### The problem
Only lines holding "falling" are needed; copy each of them from the data below.

### Data items
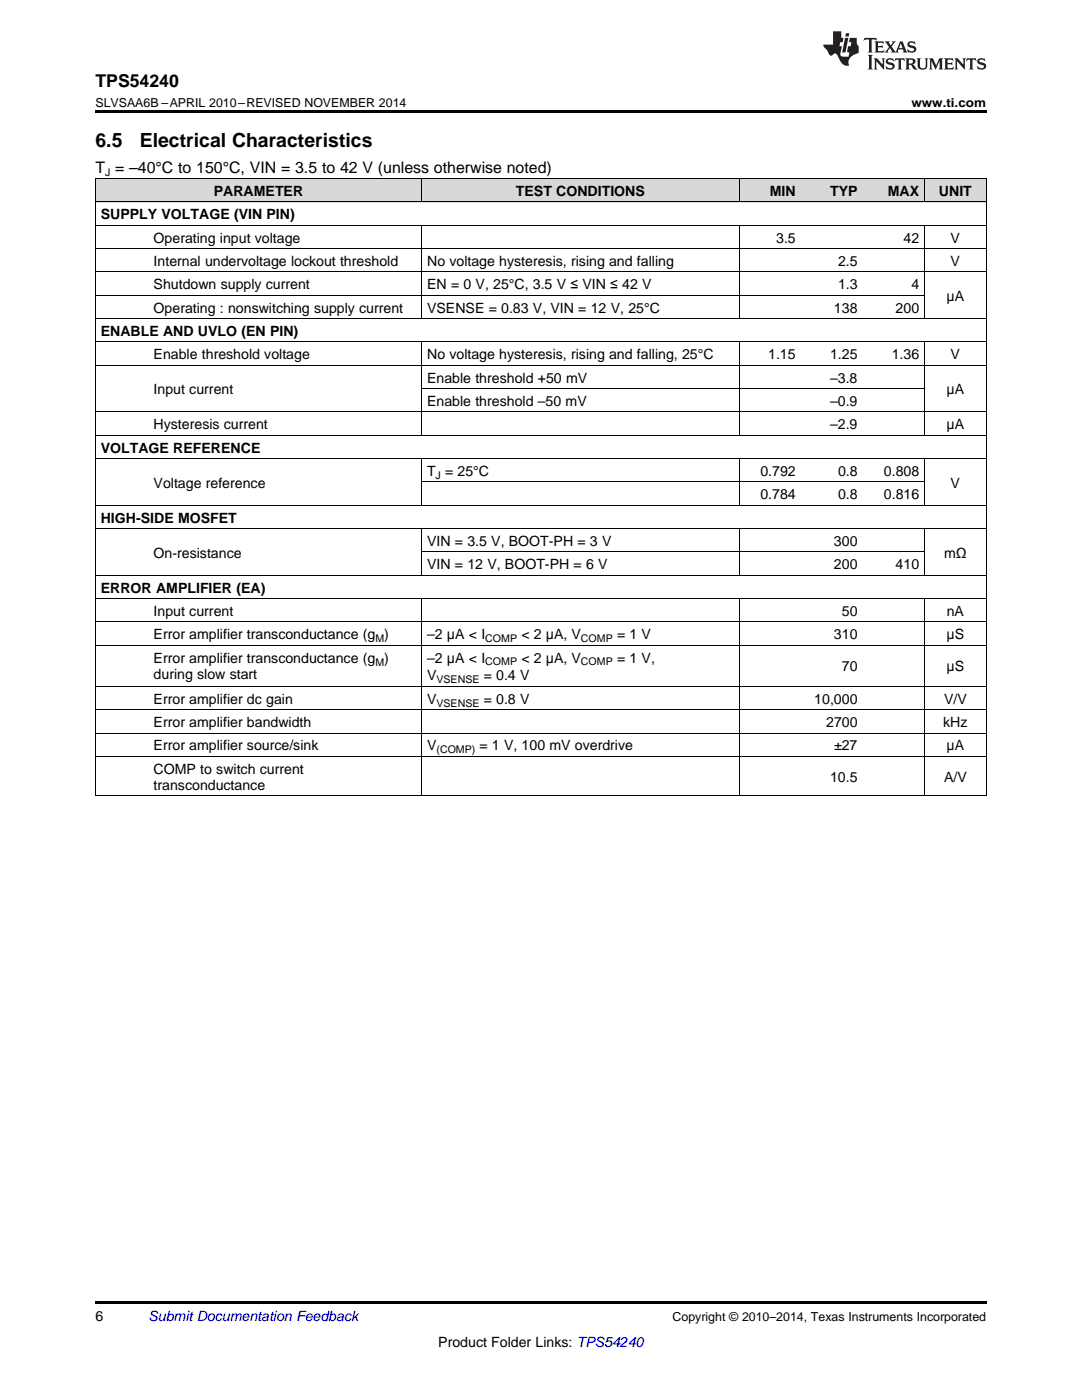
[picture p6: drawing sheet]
<svg xmlns="http://www.w3.org/2000/svg" width="216mm" height="279mm" viewBox="0 0 216 279" stroke-linecap="round" stroke-linejoin="round" font-family="sans-serif">
<defs><g id="words">
<g font-size="3.9">
<text x="19" y="29.3">6.5</text>
<text x="27.9" y="29.3">Electrical Characteristics</text>
</g>
<text font-size="3.5" x="19" y="17.3">TPS54240</text>
<text font-size="3.2" x="19" y="34.4">T = –40°C to 150°C, VIN = 3.5 to 42 V (unless otherwise noted)</text>
<g font-size="2.8">
<text x="42.7" y="39.1">PARAMETER</text>
<text x="102.9" y="39.1">TEST CONDITIONS</text>
<text x="153.6" y="39.1">MIN</text>
<text x="165.6" y="39.1">TYP</text>
<text x="177.2" y="39.1">MAX</text>
<text x="187.4" y="39.1">UNIT</text>
<text x="20.1" y="43.7">SUPPLY VOLTAGE (VIN PIN)</text>
<text x="30.7" y="48.4">Operating input voltage</text>
<text x="30.7" y="53.1">Internal undervoltage lockout threshold</text>
<text x="85.2" y="53.1">No voltage hysteresis, rising and falling</text>
<text x="154.9" y="48.4">3.5</text>
<text x="167.2" y="53.1">2.5</text>
<text x="180.3" y="48.4">42</text>
<text x="189.7" y="48.4">V</text>
<text x="189.7" y="53.1">V</text>
<text x="30.7" y="57.7">Shutdown supply current</text>
<text x="85.2" y="57.7">EN = 0 V, 25°C, 3.5 V ≤ VIN ≤ 42 V</text>
<text x="167.2" y="57.7">1.3</text>
<text x="181.9" y="57.7">4</text>
<text x="30.7" y="62.4">Operating : nonswitching supply current</text>
<text x="85.2" y="62.4">VSENSE = 0.83 V, VIN = 12 V, 25°C</text>
<text x="166.4" y="62.4">138</text>
<text x="178.7" y="62.4">200</text>
<text x="188.9" y="60">μA</text>
<text x="20.1" y="67">ENABLE AND UVLO (EN PIN)</text>
<text x="30.7" y="71.7">Enable threshold voltage</text>
<text x="85.2" y="71.7">No voltage hysteresis, rising and falling, 25°C</text>
<text x="153.3" y="71.7">1.15</text>
<text x="165.6" y="71.7">1.25</text>
<text x="177.9" y="71.7">1.36</text>
<text x="189.7" y="71.7">V</text>
<text x="85.2" y="76.3">Enable threshold +50 mV</text>
<text x="165.6" y="76.3">–3.8</text>
<text x="30.7" y="78.7">Input current</text>
<text x="85.2" y="81">Enable threshold –50 mV</text>
<text x="165.6" y="81">–0.9</text>
<text x="188.9" y="78.7">μA</text>
<text x="30.7" y="85.7">Hysteresis current</text>
<text x="165.6" y="85.7">–2.9</text>
<text x="188.9" y="85.7">μA</text>
<text x="20.1" y="90.3">VOLTAGE REFERENCE</text>
<text x="85.2" y="95">T = 25°C</text>
<text x="151.7" y="95">0.792</text>
<text x="167.2" y="95">0.8</text>
<text x="176.4" y="95">0.808</text>
<text x="30.7" y="97.3">Voltage reference</text>
<text x="151.7" y="99.6">0.784</text>
<text x="167.2" y="99.6">0.8</text>
<text x="176.4" y="99.6">0.816</text>
<text x="189.7" y="97.3">V</text>
<text x="20.1" y="104.3">HIGH-SIDE MOSFET</text>
<text x="30.7" y="111.3">On-resistance</text>
<text x="85.2" y="108.9">VIN = 3.5 V, BOOT-PH = 3 V</text>
<text x="85.2" y="113.6">VIN = 12 V, BOOT-PH = 6 V</text>
<text x="166.4" y="108.9">300</text>
<text x="166.4" y="113.6">200</text>
<text x="178.7" y="113.6">410</text>
<text x="188.4" y="111.3">mΩ</text>
<text x="20.1" y="118.3">ERROR AMPLIFIER (EA)</text>
<text x="30.7" y="122.9">Input current</text>
<text x="168" y="122.9">50</text>
<text x="188.9" y="122.9">nA</text>
<text x="30.7" y="127.6">Error amplifier transconductance (g )</text>
<text x="85.2" y="127.6">–2 μA &lt; I</text>
<text x="104" y="127.6">&lt; 2 μA, V</text>
<text x="123.1" y="127.6">= 1 V</text>
<text x="166.4" y="127.6">310</text>
<text x="188.9" y="127.6">μS</text>
<text x="30.7" y="132.4">Error amplifier transconductance (g )</text>
<text x="30.7" y="135.6">during slow start</text>
<text x="85.2" y="132.2">–2 μA &lt; I</text>
<text x="85.2" y="135.8">V</text>
<text x="96.5" y="135.8">= 0.4 V</text>
<text x="104" y="132.2">&lt; 2 μA, V</text>
<text x="123.1" y="132.2">= 1 V,</text>
<text x="168" y="134">70</text>
<text x="188.9" y="134">μS</text>
<text x="30.7" y="140.4">Error amplifier dc gain</text>
<text x="85.2" y="140.4">V</text>
<text x="96.5" y="140.4">= 0.8 V</text>
<text x="162.5" y="140.4">10,000</text>
<text x="188.4" y="140.4">V/V</text>
<text x="30.7" y="145.1">Error amplifier bandwidth</text>
<text x="30.7" y="149.8">Error amplifier source/sink</text>
<text x="85.2" y="149.8">V</text>
<text x="95.7" y="149.8">= 1 V, 100 mV overdrive</text>
<text x="164.9" y="145.1">2700</text>
<text x="166.4" y="149.8">±27</text>
<text x="188.2" y="145.1">kHz</text>
<text x="188.9" y="149.8">μA</text>
<text x="30.7" y="154.4">COMP to switch current</text>
<text x="165.6" y="156">10.5</text>
<text x="188.4" y="156">A/V</text>
<text x="30.7" y="157.6">transconductance</text>
<text x="19" y="263.6">6</text>
<text x="87.5" y="268.9">Product Folder Links: TPS54240</text>
</g>
<text font-size="2.8" fill="#0000c8" x="29.6" y="263.6">Submit Documentation Feedback</text>
<g font-size="2.5">
<text x="19" y="21.4">SLVSAA6B –APRIL 2010–REVISED NOVEMBER 2014</text>
<text x="181.9" y="21.4">www.ti.com</text>
<text x="134.2" y="263.6">Copyright © 2010–2014, Texas Instruments Incorporated</text>
</g>
<g font-size="2.1">
<text x="21" y="35.1">J</text>
<text x="86.9" y="95.5">J</text>
<text x="74.9" y="128.1">M</text>
<text x="96.8" y="128.1">COMP</text>
<text x="115.9" y="128.1">COMP</text>
<text x="74.9" y="133">M</text>
<text x="87.1" y="136.3">VSENSE</text>
<text x="96.8" y="132.8">COMP</text>
<text x="115.9" y="132.8">COMP</text>
<text x="87.1" y="141">VSENSE</text>
<text x="87.1" y="150.3">(COMP)</text>
</g>
</g></defs>
<g fill="#d8d8d8">
<path d="M19 35.7h10.6v4.7h-10.6z"/>
<path d="M29.6 35.7h54.6v4.7h-54.6z"/>
<path d="M84.2 35.7h42.2v4.7h-42.2z"/>
<path d="M126.4 35.7h21.1v4.7h-21.1z"/>
<path d="M147.5 35.7h12.4v4.7h-12.4z"/>
<path d="M159.9 35.7h12.3v4.7h-12.3z"/>
<path d="M172.2 35.7h12.3v4.7h-12.3z"/>
<path d="M184.5 35.7h12.3v4.7h-12.3z"/>
</g>
<path d="M19 22h177.8v.5h-177.8zM19 259.7h177.8v.5h-177.8z" fill="#000"/>
<g fill="none" stroke="#000" stroke-width=".2">
<path d="M19 35.6h177.8M19.1 35.7v123.2M84.1 35.7v4.7M147.5 35.7v4.7M184.4 35.7v4.7M196.8 35.7v123.2M19 58.9h165.5M19 54.3h177.8M19 49.6h177.8M19 45h177.8M19 40.3h177.8M84.1 45v18.6"/>
<path d="M147.5 45v18.6M184.4 45v18.6M19 72.9h177.8M19 68.2h177.8M19 63.6h177.8M84.1 68.3v18.6M84.2 77.6h100.3M147.5 68.3v18.6M184.4 68.3v18.6M19 91.5h177.8M19 86.9h177.8M19 82.2h177.8"/>
<path d="M84.1 91.5v9.4M84.2 96.2h100.3M147.5 91.5v9.4M184.4 91.5v9.4M19 119.5h177.8M19 114.8h177.8M19 105.5h177.8M19 100.8h177.8M84.1 105.5v9.4M84.1 119.5v39.4M84.2 110.2h100.3M147.5 105.5v9.4"/>
<path d="M147.5 119.5v39.4M184.4 105.5v9.4M184.4 119.5v39.4M19 137h177.8M19 128.8h177.8M19 124.1h177.8M19 158.8h177.8M19 151h177.8M19 146.3h177.8M19 141.7h177.8"/>
</g>
<g fill="#231f20">
<path d="M172.5 7.6l-.1 .5 .4-.2h.6v.1v2.1l-.2 .4h.9l-.2-.4v-2.1l.1-.1h.5l.5 .2-.2-.5zM174.5 8.3l.2 .3v1.5l-.2 .4h1.8l.2-.6a1.04 1.04 0 0 1-1.3 .2v-.7h.6l.3 .2v-.6l-.3 .2h-.6v-.6l.8-.1 .4 .3-.2-.5zM176.5 8.3l.9 1.1-.9 1.1h.8l-.2-.2 .4-.7 .5 .7-.2 .2h1.5l-.2-.2 .2-.4h.9l.1 .4-.2 .2h1l-.3-.3-.7-1.9h-.5l-.9 2-.8-1 .9-1h-.8l.1 .3-.4 .5-.3-.6 .1-.2zM179.7 8.6l.4 1h-.7zM181.3 8.4a.63 .63 0 0 0-.2 .7 .63 .63 0 0 0 .6 .4l.6 .2 .1 .2a.75 .75 0 0 1-.7 .4 .75 .75 0 0 1-.6-.5l.1 .7 .1-.1a1.11 1.11 0 0 0 1.5-.6 1.13 1.13 0 0 0-1.2-.8l-.1-.4a1.04 1.04 0 0 1 1.2 .2l-.2-.5-.2 .1-.4-.2zM173.2 10.9l.2 .4v2.2l-.2 .4h1l-.3-.4v-2.2l.3-.4zM174.3 11.6l.3 .4v1.5l-.3 .4h.8l-.2-.4v-1.3l1.5 1.7v-1.9l.2-.4h-.7l.2 .4v.9l-1.1-1.3zM177 11.8a.62 .62 0 0 0-.2 .7 .62 .62 0 0 0 .6 .4l.6 .1 .1 .3a.76 .76 0 0 1-.7 .3 .76 .76 0 0 1-.7-.4l.2 .7 .1-.1a1.11 1.11 0 0 0 1.5-.6 1.13 1.13 0 0 0-1.2-.8l-.1-.4a1.04 1.04 0 0 1 1.2 .2l-.2-.6-.2 .1-.5-.1zM178.7 11.6l-.2 .6a.61 .61 0 0 1 .8-.3v1.6l-.2 .4h.9l-.2-.4v-1.6a.63 .63 0 0 1 .7 .3l-.1-.6zM180.6 11.6l.3 .4v1.5l-.3 .4h1l-.2-.2-.1-.8 .6 .2a.76 .76 0 0 0 1.2 .7l-1-1a.58 .58 0 0 0 .6-.5 .58 .58 0 0 0-.5-.6zM181.4 11.9h.1a.45 .45 0 0 1 .5 .1 .45 .45 0 0 1 .1 .5l-.8 .2zM182.9 11.6l.2 .2a2.17 2.17 0 0 0 .3 1.9 .99 .99 0 0 0 1.6-.6v-1.1l.2-.4h-.7l.2 .2a1.92 1.92 0 0 1-.2 1.8 .6 .6 0 0 1-.9-.5v-1.1l.2-.4zM185.4 11.6l.2 .4v1.5l-.2 .4h.7l-.2-.4v-1.4l.8 1.8 .8-1.8v1.4l-.2 .4h.9l-.2-.4v-1.5l.2-.4h-.8l-.6 1.5-.6-1.5zM188.4 11.6l.2 .4v1.5l-.2 .4h1.8l.1-.6a1.04 1.04 0 0 1-1.2 .1v-.6h.5l.4 .2v-.6l-.4 .2h-.5v-.7h.8l.3 .3-.1-.6zM190.5 11.6l.2 .4v1.5l-.2 .4h.7l-.2-.4v-1.3l1.5 1.7v-1.9l.2-.4h-.7l.2 .4v.9l-1.1-1.3zM192.9 11.6l-.1 .6a.61 .61 0 0 1 .7-.3l.1 1.6-.3 .4h1l-.3-.4 .1-1.6a.63 .63 0 0 1 .7 .3l-.1-.6zM195.2 11.8a.62 .62 0 0 0-.2 .7 .62 .62 0 0 0 .6 .4l.6 .1 .1 .3a.76 .76 0 0 1-.7 .3 .76 .76 0 0 1-.6-.4l.1 .7 .1-.1a1.11 1.11 0 0 0 1.6-.6 1.13 1.13 0 0 0-1.3-.8l-.1-.4a1.04 1.04 0 0 1 1.2 .2l-.1-.6-.2 .1-.5-.1z"/>
<path d="M166.2 6.3v2.6h-1.9v.4l.8 .9a.91 .91 0 0 0 1 .8 .56 .56 0 0 1 .5-.3 .56 .56 0 0 1 .5 .3l.4 .8a1.53 1.53 0 0 0 1.9 1.2 1.54 1.54 0 0 1 1-2.1l.9-.3v-1.4a1.52 1.52 0 0 1-.4-1.6h-1.3l-.2 .8h.5l-.2 .8h-.5l-.1 1v.2l.4 .1-.2 .8a1.93 1.93 0 0 1-1.6-.3l.3-1.8h-.5l.2-.8h.4l.2-.8h-.4v-1.3zM168.6 7.6l-.6 2.9h.7l.6-2.9zM168.8 6.6l-.1 .7h.6l.2-.7z"/>
</g>
<use href="#words"/>
</svg>

### Written answer
<text x="85.2" y="53.1">No voltage hysteresis, rising and falling</text>
<text x="85.2" y="71.7">No voltage hysteresis, rising and falling, 25°C</text>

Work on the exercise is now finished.